3.4 Binary Probit in LIMDEP (Probit\$)

The LIMDEP Probit\$ command estimates various probit models. Do not forget to include the ONE for the intercept.

PROBIT;
Lhs=owncar;
Rhs=ONE,income,age,male\$

Normal exit from iterations. Exit status=0.

+---------------------------------------------+
| Binomial Probit Model                       |
| Maximum Likelihood Estimates                |
| Model estimated: Sep 17, 2005 at 10:28:56PM.|
| Dependent variable               OWNCAR     |
| Weighting variable                 None     |
| Number of observations              437     |
| Iterations completed                  4     |
| Log likelihood function       -273.8174     |
| Restricted log likelihood     -282.9651     |
| Chi squared                    18.29542     |
| Degrees of freedom                    3     |
| Prob[ChiSqd > value] =         .3822542E-03 |
| Hosmer-Lemeshow chi-squared =   8.18372     |
| P-value=  .41573 with deg.fr. =       8     |
+---------------------------------------------+
+---------+--------------+----------------+--------+---------+----------+
|Variable | Coefficient  | Standard Error |b/St.Er.|P[|Z|>z] | Mean of X|
+---------+--------------+----------------+--------+---------+----------+
Index function for probability
Constant    -2.823670829       .87309548   -3.234   .0012
INCOME    .5612515407E-03      .34768423     .002   .9987     .61683982
AGE          .1487005234   .40983697E-01    3.628   .0003     20.691076
MALE         .2579111914       .12560848    2.053   .0400     .57208238
(Note: E+nn or E-nn means multiply by 10 to + or -nn power.)

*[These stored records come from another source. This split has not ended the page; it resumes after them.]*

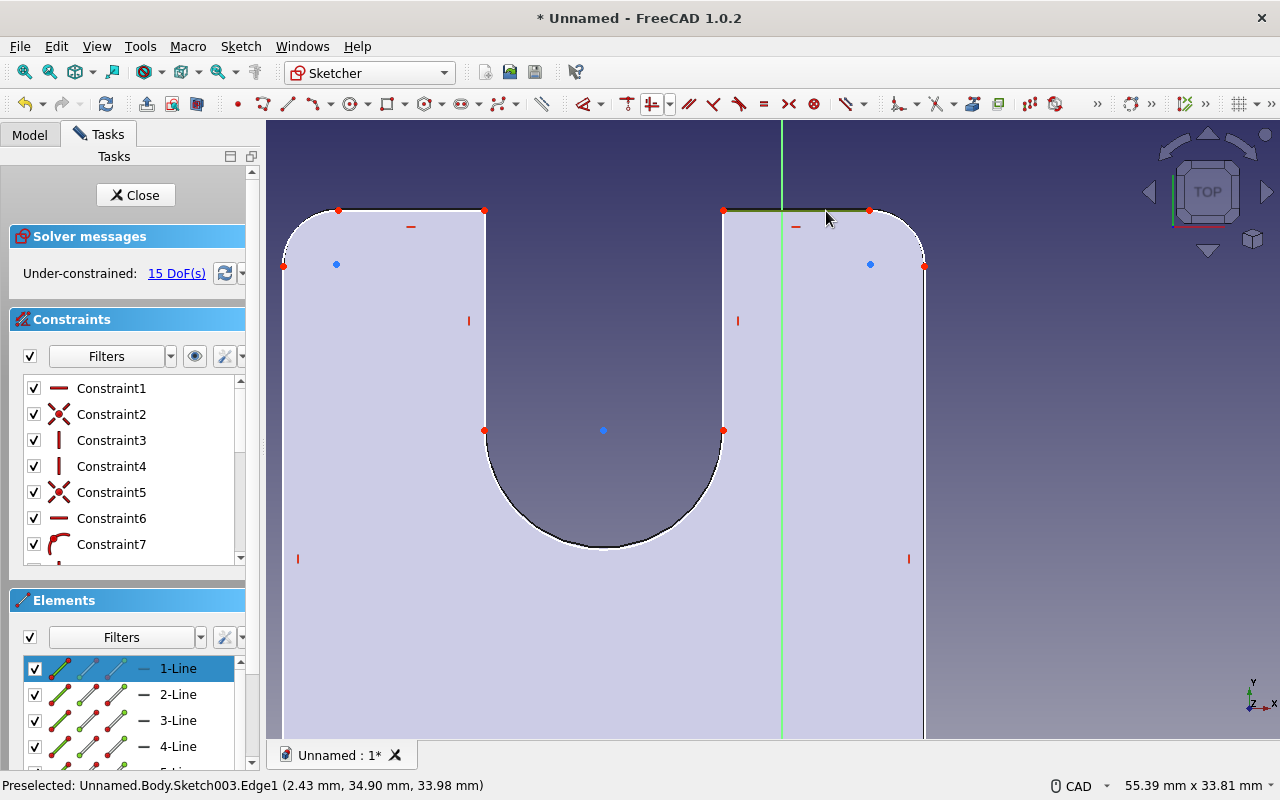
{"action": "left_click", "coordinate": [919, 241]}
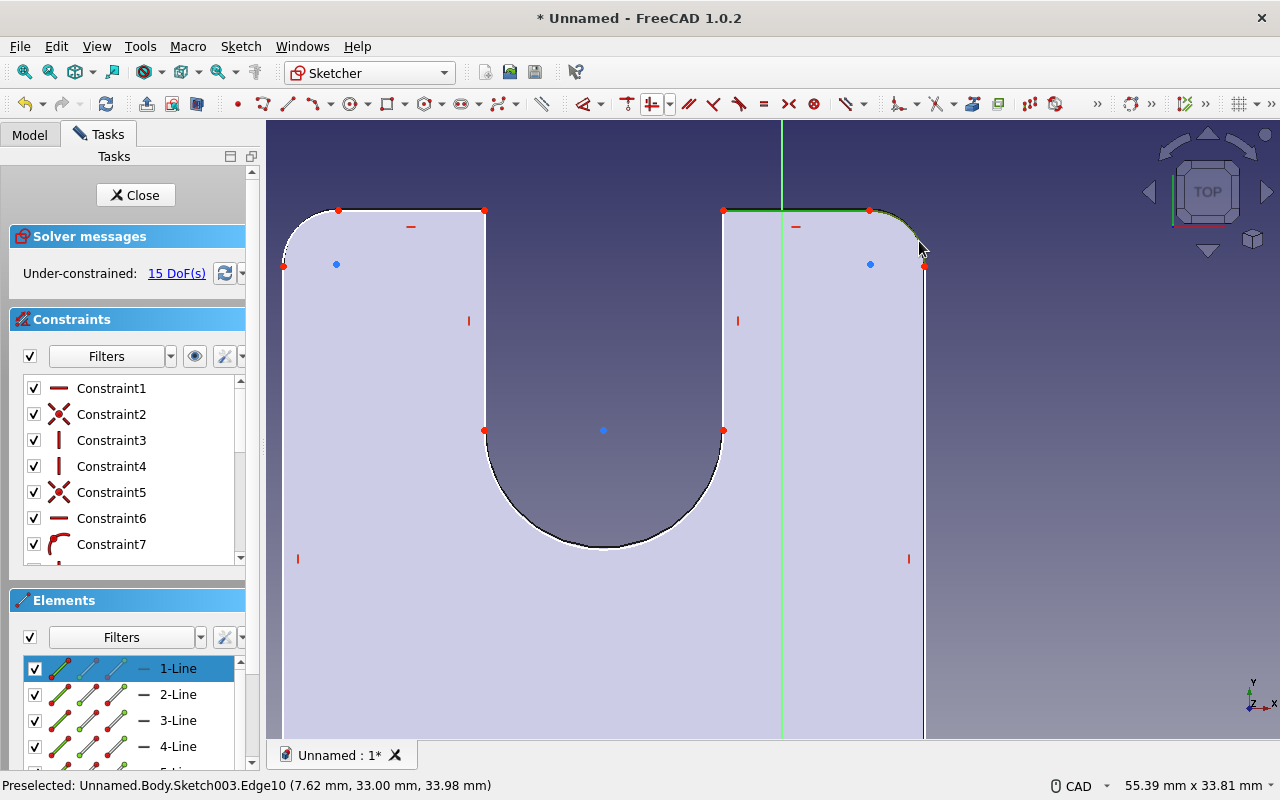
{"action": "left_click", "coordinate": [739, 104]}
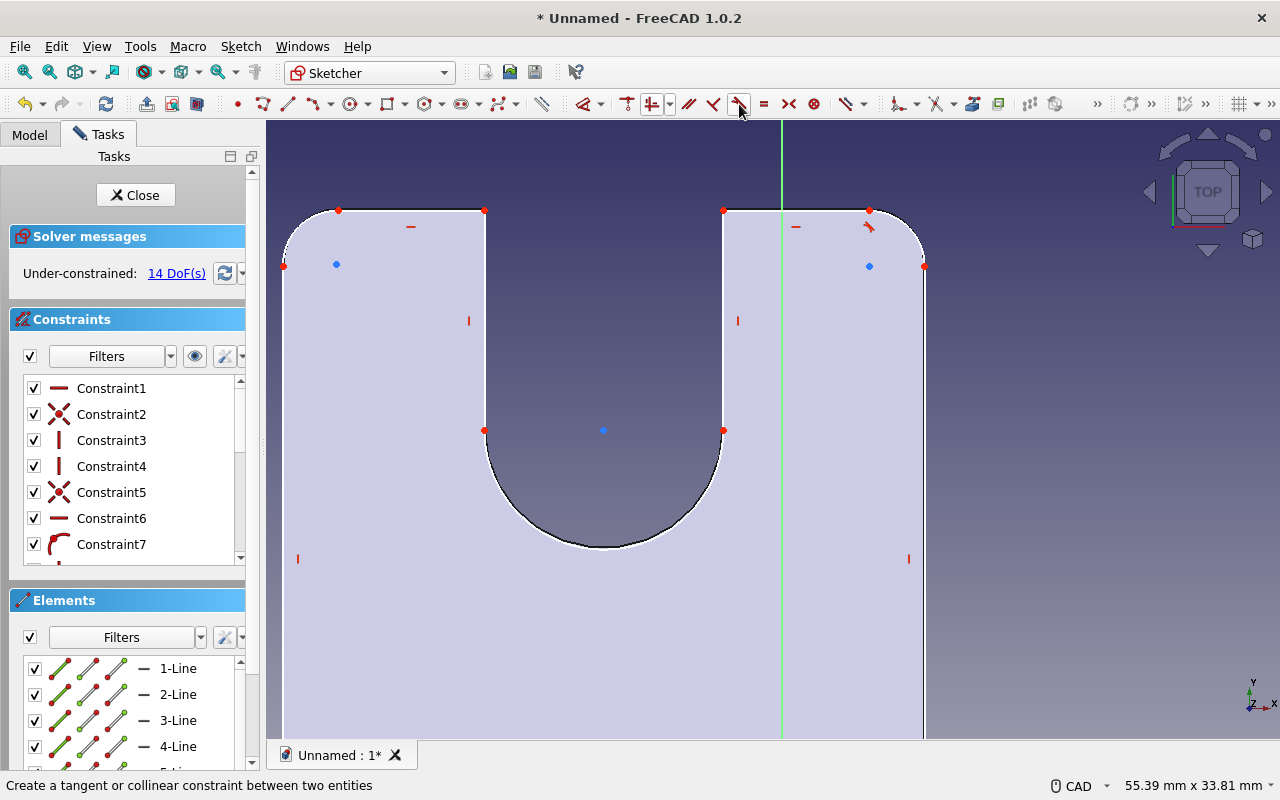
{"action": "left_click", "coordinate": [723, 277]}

+----------------------------------------+
| Fit Measures for Binomial Choice Model |
| Probit   model for variable OWNCAR     |
+----------------------------------------+
| Proportions P0= .350114   P1= .649886  |
| N =     437 N0=     153   N1=     284  |
| LogL =  -273.81741 LogL0 =  -282.9651  |
| Estrella = 1-(L/L0)^(-2L0/n) = .04166  |
+----------------------------------------+
|     Efron |  McFadden  |  Ben./Lerman  |
|    .03984 |    .03233  |       .56327  |
|    Cramer | Veall/Zim. |     Rsqrd_ML  |
|    .04016 |    .07121  |       .04100  |
+----------------------------------------+
| Information  Akaike I.C. Schwarz I.C.  |
| Criteria        1.27148     571.95456  |
+----------------------------------------+
Frequencies of actual & predicted outcomes
Predicted outcome has maximum probability.
Threshold value for predicting Y=1 = .5000
Predicted
------  ----------  +  -----
Actual      0    1  |  Total
------  ----------  +  -----
0         5  148  |    153
1         8  276  |    284
------  ----------  +  -----
Total      13  424  |    437

3.5 Binary Probit in SPSS

SPSS has the Probit command to fit the binary probit model. This command requires a variable (e.g., n in the following example) with constant 1.

COMPUTE n=1. PROBIT owncar OF n WITH income age male
/LOG NONE /MODEL PROBIT
/PRINT FREQ /CRITERIA ITERATE(20) STEPLIMIT(.1).